BRIEF: Begin your copy at the line with "Identify the document" in the records below and end it at the line with "Document page, 1241x1754 pixels.", restating each line word for word; omit the pictures.

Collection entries
- Opening Delimiter -

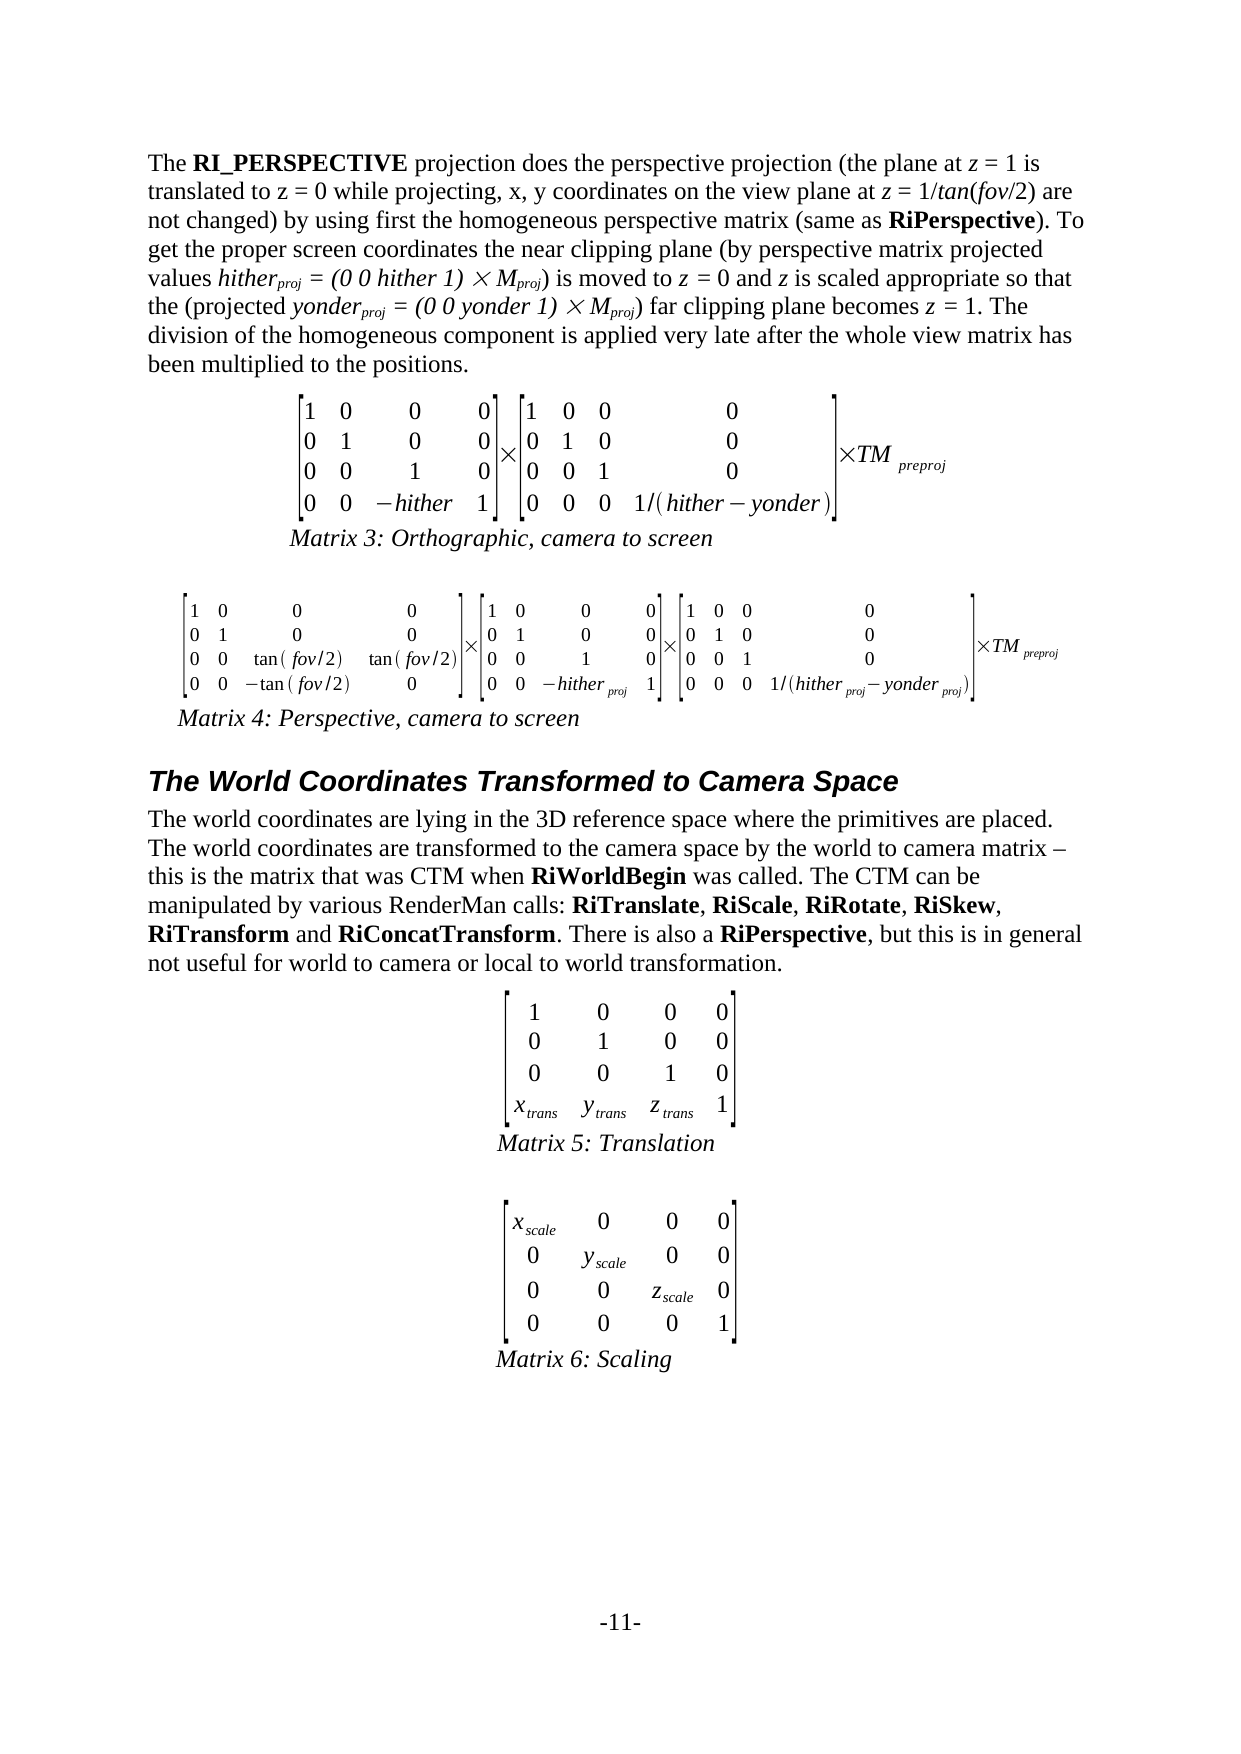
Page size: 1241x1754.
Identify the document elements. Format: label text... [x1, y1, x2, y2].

text Matrix 3: Orthographic, camera to screen [289, 390, 951, 551]
text Matrix 5: Translation [497, 989, 743, 1157]
text Matrix 4: Perspective, camera to screen [177, 593, 1063, 731]
subtitle The World Coordinates Transformed to Camera Space [148, 764, 1092, 798]
text The world coordinates are lying in the 3D reference space where the primitives are placed. The world coordinates are transformed to the camera space by the world to camera matrix – this is the matrix that was CTM when RiWorldBegin was called. The CTM can be manipulated by various RenderMan calls: RiTranslate, RiScale, RiRotate, RiSkew, RiTransform and RiConcatTransform. There is also a RiPerspective, but this is in general not useful for world to camera or local to world transformation. [148, 804, 1092, 976]
text The RI_PERSPECTIVE projection does the perspective projection (the plane at z = 1 is translated to z = 0 while projecting, x, y coordinates on the view plane at z = 1/tan(fov/2) are not changed) by using first the homogeneous perspective matrix (same as RiPerspective). To get the proper screen coordinates the near clipping plane (by perspective matrix projected values hitherproj = (0 0 hither 1) ´ Mproj) is moved to z = 0 and z is scaled appropriate so that the (projected yonderproj = (0 0 yonder 1) ´ Mproj) far clipping plane becomes z = 1. The division of the homogeneous component is applied very late after the whole view matrix has been multiplied to the positions. [148, 148, 1092, 378]
text Matrix 6: Scaling [496, 1198, 745, 1373]
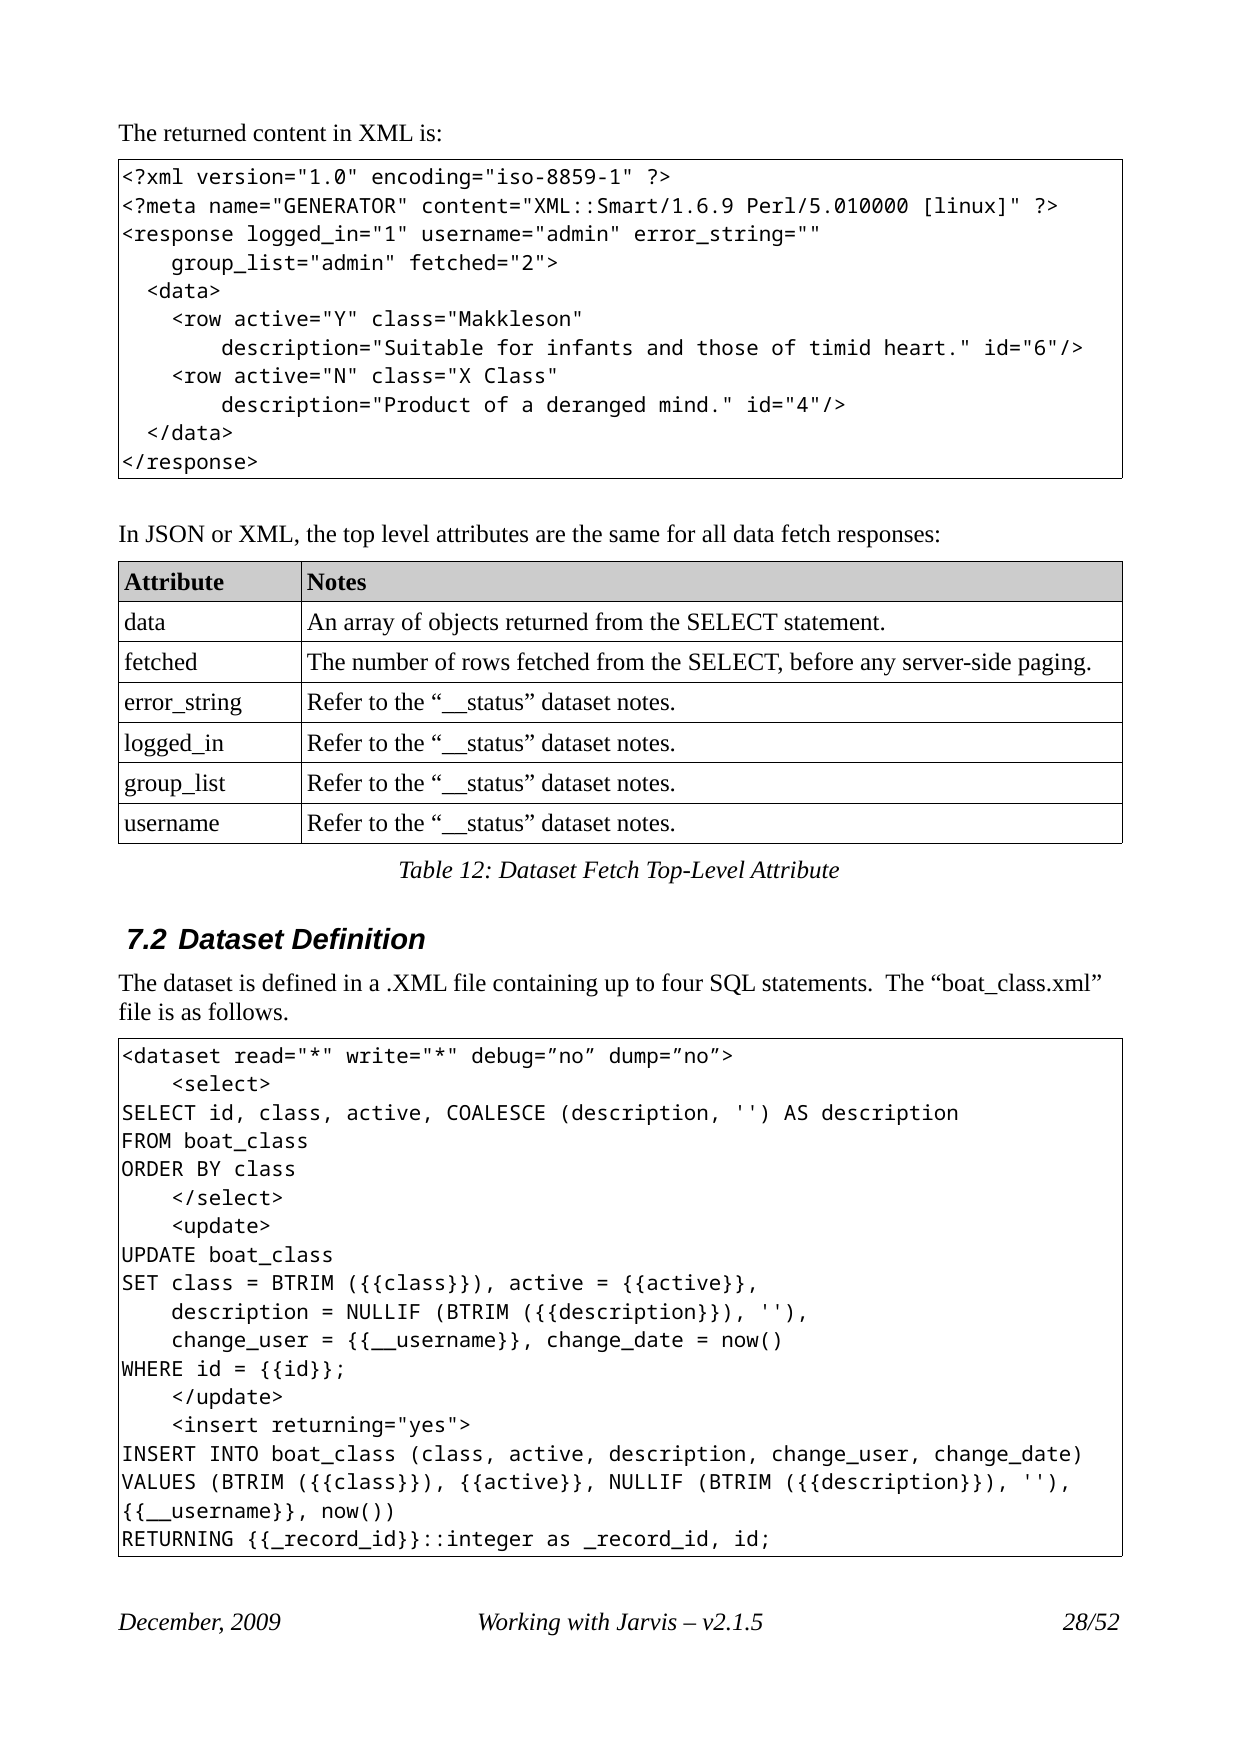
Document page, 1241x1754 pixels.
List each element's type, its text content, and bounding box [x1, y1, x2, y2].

- Closing Delimiter -

PROBLEM SOLUTION:
Identify the document elements. Format: label text... [x1, y1, x2, y2].

text Matrix 3: Orthographic, camera to screen [289, 390, 951, 551]
text Matrix 5: Translation [497, 989, 743, 1157]
text Matrix 4: Perspective, camera to screen [177, 593, 1063, 731]
subtitle The World Coordinates Transformed to Camera Space [148, 764, 1092, 798]
text The world coordinates are lying in the 3D reference space where the primitives are placed. The world coordinates are transformed to the camera space by the world to camera matrix – this is the matrix that was CTM when RiWorldBegin was called. The CTM can be manipulated by various RenderMan calls: RiTranslate, RiScale, RiRotate, RiSkew, RiTransform and RiConcatTransform. There is also a RiPerspective, but this is in general not useful for world to camera or local to world transformation. [148, 804, 1092, 976]
text The RI_PERSPECTIVE projection does the perspective projection (the plane at z = 1 is translated to z = 0 while projecting, x, y coordinates on the view plane at z = 1/tan(fov/2) are not changed) by using first the homogeneous perspective matrix (same as RiPerspective). To get the proper screen coordinates the near clipping plane (by perspective matrix projected values hitherproj = (0 0 hither 1) ´ Mproj) is moved to z = 0 and z is scaled appropriate so that the (projected yonderproj = (0 0 yonder 1) ´ Mproj) far clipping plane becomes z = 1. The division of the homogeneous component is applied very late after the whole view matrix has been multiplied to the positions. [148, 148, 1092, 378]
text Matrix 6: Scaling [496, 1198, 745, 1373]
Document page, 1241x1754 pixels.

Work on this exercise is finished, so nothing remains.